Thanks to a forfeit by our intended opponents, Sunday morning was free. Unfortunately it was raining in Burlington and the weather forecast was unfavorable for the day. We decided to stop for breakfast before heading back home. We returned to the Hotel Vermont to try the Sunday breakfast at another restaurant located within the hotel. Juniper is a lobby based cocktail bar and restaurant. Smartly appointed and airy, it was a pleasant spot to weather a rainy summer Sunday. I thoroughly enjoyed their roasted mushroom tartine with poached eggs and Tarentaise cheese. being called a “tartine” I expected a pastry shell, but that was not the case. The mushrooms, eggs and cheese were piled on hearty toast. It was an umami fest punctuated by yolks of a brilliant, European orange. I would happily eat that again and not just for breakfastWe hit the road to head home after breakfast, but this was when we enjoyed some pleasant surprises. Though it continued to threaten, the weather remained at bay for most of the day and at times the sun even peaked through the clouds. We took our time heading back making multiple stops. The first, even though we had just had breakfast was at The Vergennes Laundry, a bakery south of Burlington on our way home. Their baked goods looked incredible and we bought a few croissants, pain au chocolat and some other items to take with us. It is too bad that we hadn’t eaten them at the shop, though, as the croissants were amongst the best I’ve ever had. These, too, were absolutely worth the carb load and I would greedily have had more, but they were gone.

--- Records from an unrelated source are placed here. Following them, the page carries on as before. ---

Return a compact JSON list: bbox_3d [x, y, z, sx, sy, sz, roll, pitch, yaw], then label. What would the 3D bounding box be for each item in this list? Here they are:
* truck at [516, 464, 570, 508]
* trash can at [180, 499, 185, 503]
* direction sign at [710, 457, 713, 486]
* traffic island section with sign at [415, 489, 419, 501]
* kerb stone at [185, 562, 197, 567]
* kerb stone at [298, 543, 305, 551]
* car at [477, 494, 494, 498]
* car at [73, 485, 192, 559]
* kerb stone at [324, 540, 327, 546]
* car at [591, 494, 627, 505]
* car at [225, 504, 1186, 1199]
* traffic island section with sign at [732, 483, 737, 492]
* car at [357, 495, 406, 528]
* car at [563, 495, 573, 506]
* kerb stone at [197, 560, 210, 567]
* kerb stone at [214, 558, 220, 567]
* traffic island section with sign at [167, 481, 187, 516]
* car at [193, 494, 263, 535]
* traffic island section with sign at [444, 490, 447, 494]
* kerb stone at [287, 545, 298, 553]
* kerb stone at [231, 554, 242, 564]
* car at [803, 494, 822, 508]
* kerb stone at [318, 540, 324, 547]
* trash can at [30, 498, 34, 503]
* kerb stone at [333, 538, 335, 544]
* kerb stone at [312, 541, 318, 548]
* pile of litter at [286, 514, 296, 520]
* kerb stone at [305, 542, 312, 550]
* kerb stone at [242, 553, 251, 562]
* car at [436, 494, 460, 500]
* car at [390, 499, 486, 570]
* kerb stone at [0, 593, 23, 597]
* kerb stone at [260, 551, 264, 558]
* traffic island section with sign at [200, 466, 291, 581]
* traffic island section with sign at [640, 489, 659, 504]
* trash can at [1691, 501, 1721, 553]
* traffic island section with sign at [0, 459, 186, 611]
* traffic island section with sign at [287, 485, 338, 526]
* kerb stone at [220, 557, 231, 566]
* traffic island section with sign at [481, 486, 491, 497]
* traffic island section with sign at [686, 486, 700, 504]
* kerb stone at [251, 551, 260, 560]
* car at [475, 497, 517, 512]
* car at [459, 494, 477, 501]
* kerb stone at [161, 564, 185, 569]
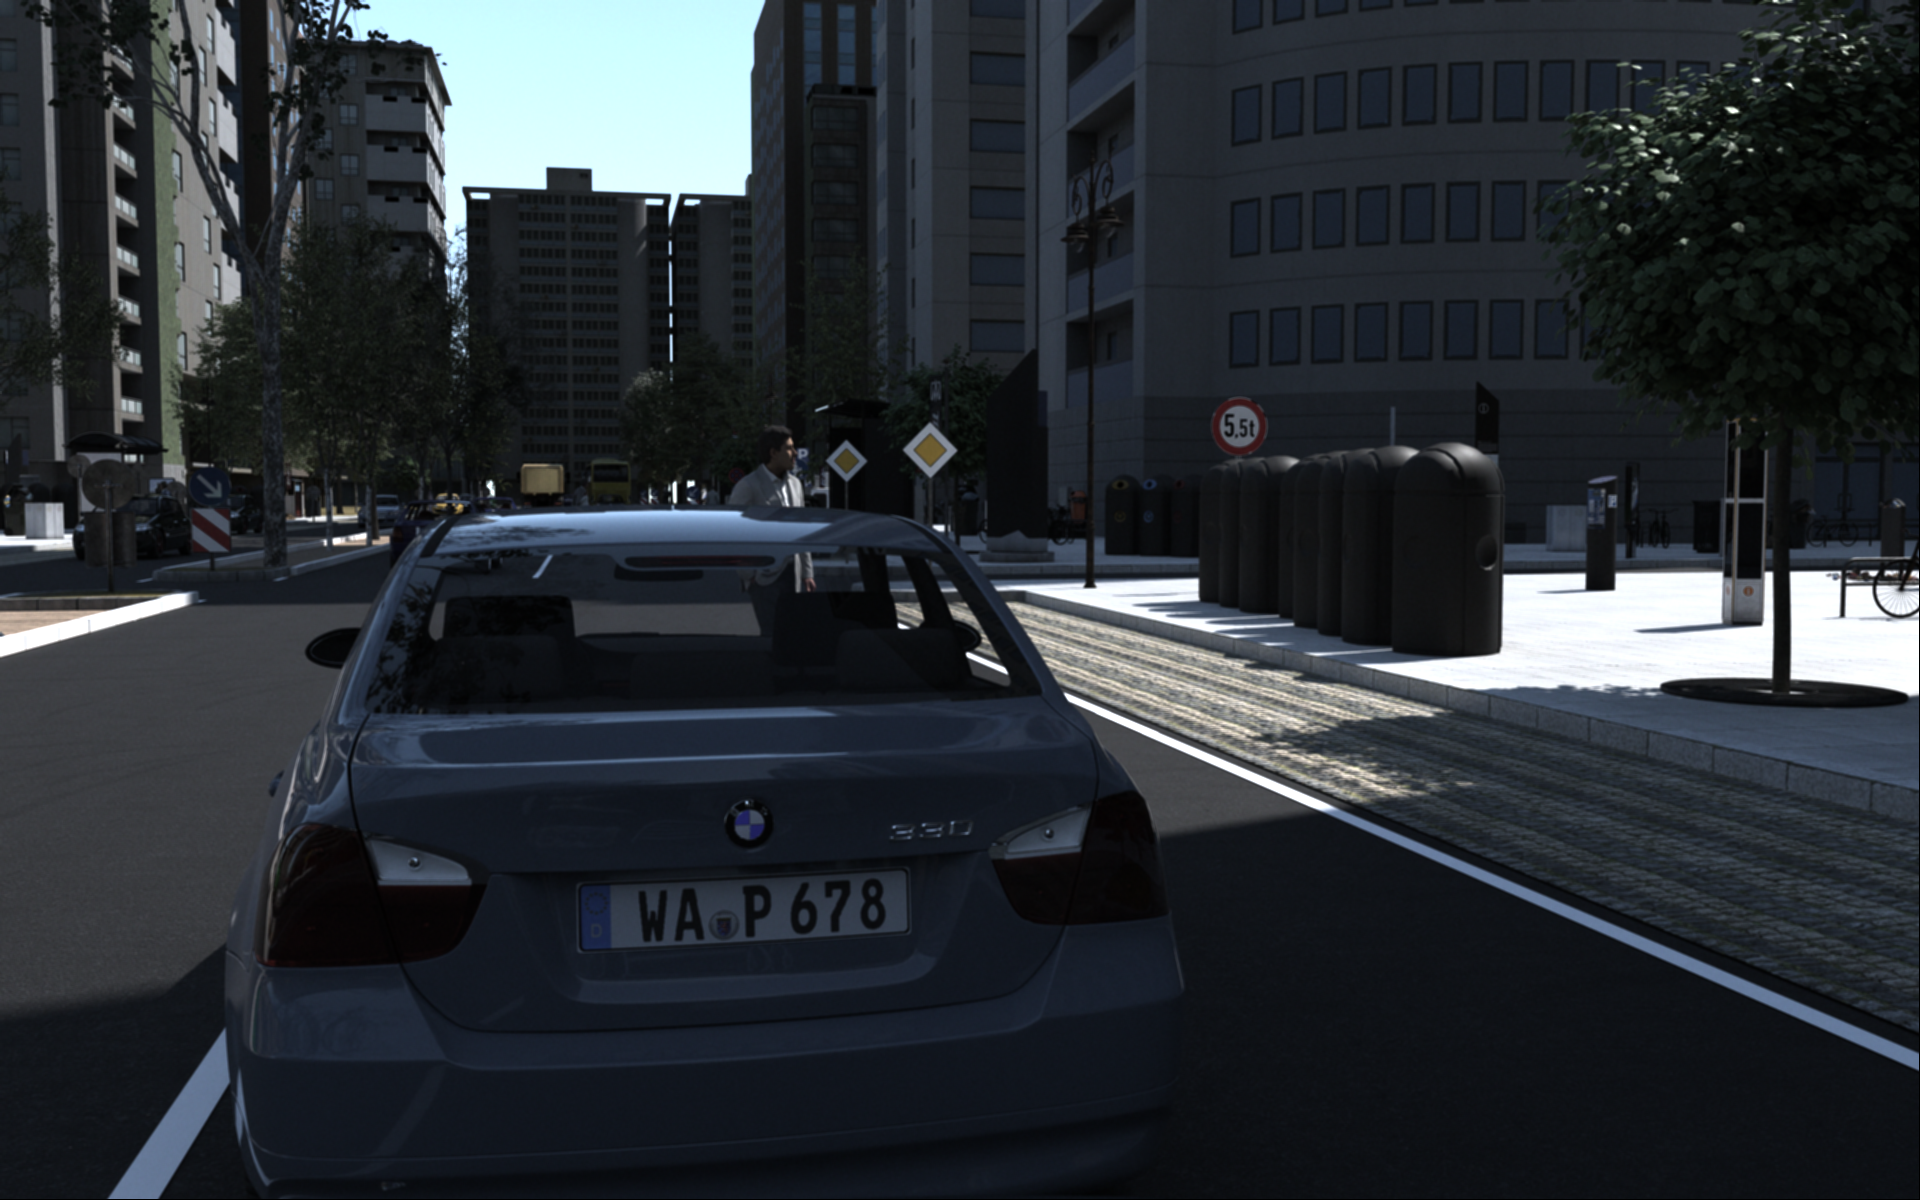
[{"bbox_3d":[-26.772,-7.052,111.224,3.469,3.379,9.791,-1,4,-13],"label":"truck"},{"bbox_3d":[-37.413,-4.356,82.871,0.748,1.137,0.748,0,3,0],"label":"trash can"},{"bbox_3d":[-15.219,-6.974,106.026,0.379,3.537,0.876,-1,4,-17],"label":"direction sign"},{"bbox_3d":[-39.922,-7.300,127.981,1.989,1.847,2.006,-1,4,-12],"label":"traffic island section with sign"},{"bbox_3d":[-14.083,-0.567,31.467,0.120,0.150,1.000,-1,4,-12],"label":"kerb stone"},{"bbox_3d":[-16.641,-1.301,43.474,0.120,0.150,1.000,-1,4,-12],"label":"kerb stone"},{"bbox_3d":[-44.659,-9.260,163.192,2.131,1.459,4.920,-1,4,-12],"label":"car"},{"bbox_3d":[-18.732,-1.807,39.327,2.009,1.686,4.222,-1,4,-10],"label":"car"},{"bbox_3d":[-17.504,-1.544,47.484,0.120,0.150,1.000,-1,4,-12],"label":"kerb stone"},{"bbox_3d":[-19.353,-5.248,95.591,2.009,1.686,4.222,-1,4,-13],"label":"car"},{"bbox_3d":[-0.803,0.442,4.768,2.014,1.417,4.499,-1,4,-13],"label":"car"},{"bbox_3d":[-7.204,-2.896,55.969,1.989,1.847,2.006,-1,4,-12],"label":"traffic island section with sign"},{"bbox_3d":[-24.951,-3.843,74.839,2.014,1.417,4.499,-1,4,-14],"label":"car"},{"bbox_3d":[-39.938,-10.057,177.018,1.945,1.354,3.894,-1,4,-11],"label":"car"},{"bbox_3d":[-14.288,-0.628,32.469,0.120,0.150,1.000,-1,4,-12],"label":"kerb stone"},{"bbox_3d":[-14.510,-0.689,33.467,0.120,0.150,1.000,-1,4,-12],"label":"kerb stone"},{"bbox_3d":[-23.805,-2.680,52.449,1.989,1.847,2.006,-1,4,-12],"label":"traffic island section with sign"},{"bbox_3d":[-25.888,-3.145,61.211,2.009,1.686,4.222,-1,4,-10],"label":"car"},{"bbox_3d":[-45.542,-8.912,154.346,1.989,1.847,2.006,-1,4,-12],"label":"traffic island section with sign"},{"bbox_3d":[-16.432,-1.238,42.468,0.120,0.150,1.000,-1,4,-12],"label":"kerb stone"},{"bbox_3d":[-14.930,-0.804,35.469,0.120,0.150,1.000,-1,4,-12],"label":"kerb stone"},{"bbox_3d":[-3.987,-1.838,39.840,2.009,1.686,4.222,-1,4,-11],"label":"car"},{"bbox_3d":[-17.287,-1.486,46.485,0.120,0.150,1.000,-1,4,-12],"label":"kerb stone"},{"bbox_3d":[-33.075,-3.023,61.083,0.748,1.137,0.748,0,3,0],"label":"trash can"},{"bbox_3d":[-17.716,-1.608,48.491,0.120,0.150,1.000,-1,4,-12],"label":"kerb stone"},{"bbox_3d":[-17.071,-1.424,45.481,0.120,0.150,1.000,-1,4,-12],"label":"kerb stone"},{"bbox_3d":[-33.645,-4.429,86.378,1.176,0.858,1.719,0,4,7],"label":"pile of litter"},{"bbox_3d":[-16.856,-1.363,44.473,0.120,0.150,1.000,-1,4,-12],"label":"kerb stone"},{"bbox_3d":[-15.153,-0.873,36.466,0.120,0.150,1.000,-1,4,-12],"label":"kerb stone"},{"bbox_3d":[-32.630,-6.122,110.325,2.015,1.641,3.980,-1,4,-12],"label":"car"},{"bbox_3d":[-9.535,-1.206,32.304,1.945,1.354,3.894,-1,4,-10],"label":"car"},{"bbox_3d":[-12.049,0.017,21.919,0.120,0.150,1.000,-1,4,-12],"label":"kerb stone"},{"bbox_3d":[-15.574,-0.995,38.469,0.120,0.150,1.000,-1,4,-12],"label":"kerb stone"},{"bbox_3d":[-12.550,-1.297,29.335,2.006,1.907,1.989,-1,4,-12],"label":"traffic island section with sign"},{"bbox_3d":[-23.306,-7.511,131.433,1.989,1.847,2.006,-1,4,-12],"label":"traffic island section with sign"},{"bbox_3d":[16.270,-1.589,37.635,0.748,1.137,0.748,0,3,0],"label":"trash can"},{"bbox_3d":[-11.013,-0.853,22.089,2.006,1.907,1.989,-1,4,-12],"label":"traffic island section with sign"},{"bbox_3d":[-29.442,-4.296,78.861,1.989,1.847,2.006,-1,4,-12],"label":"traffic island section with sign"},{"bbox_3d":[-14.721,-0.747,34.467,0.120,0.150,1.000,-1,4,-12],"label":"kerb stone"},{"bbox_3d":[-28.244,-5.791,102.823,2.006,1.907,1.989,-1,4,-12],"label":"traffic island section with sign"},{"bbox_3d":[-12.828,-4.508,82.334,1.989,1.847,2.006,-1,4,-12],"label":"traffic island section with sign"},{"bbox_3d":[-15.364,-0.934,37.466,0.120,0.150,1.000,-1,4,-12],"label":"kerb stone"},{"bbox_3d":[-14.763,-2.591,54.943,1.945,1.354,3.894,-1,4,-14],"label":"car"},{"bbox_3d":[-39.908,-7.855,140.229,2.131,1.459,4.920,-1,4,-13],"label":"car"},{"bbox_3d":[-13.866,-0.505,30.468,0.120,0.150,1.000,-1,4,-12],"label":"kerb stone"}]

Another stop at a farm stand was fruitful and a visit to Middlebury College was enlightening with its surprisingly large and beautiful campus. We also took an extended stop at the site of the old French and British forts at Crown Point, NY, after having crossed the beautiful, geometric new bridge from Vermont back into NY. Despite its relative proximity, we had never been to Crown Point. It is well worth a stop if in the area and don’t forget to see the Rodin sculpture of Samuel de Champlain that was a gift from France on the occasion of the 400th anniversary of Champlain finding the lake at this site that subsequently came to bear his name.
The wonderfully relaxing drive home was topped off shortly after Crown Point when we passed an osprey nest atop an electric pole at the side of the road.
I expected our meals on this trip to be excellent and they exceeded my expectations, but it was the trip itself, especially our ride home, that proved to be the most welcome and true surprise. Sometimes, the actual journey can still be wonderful as well!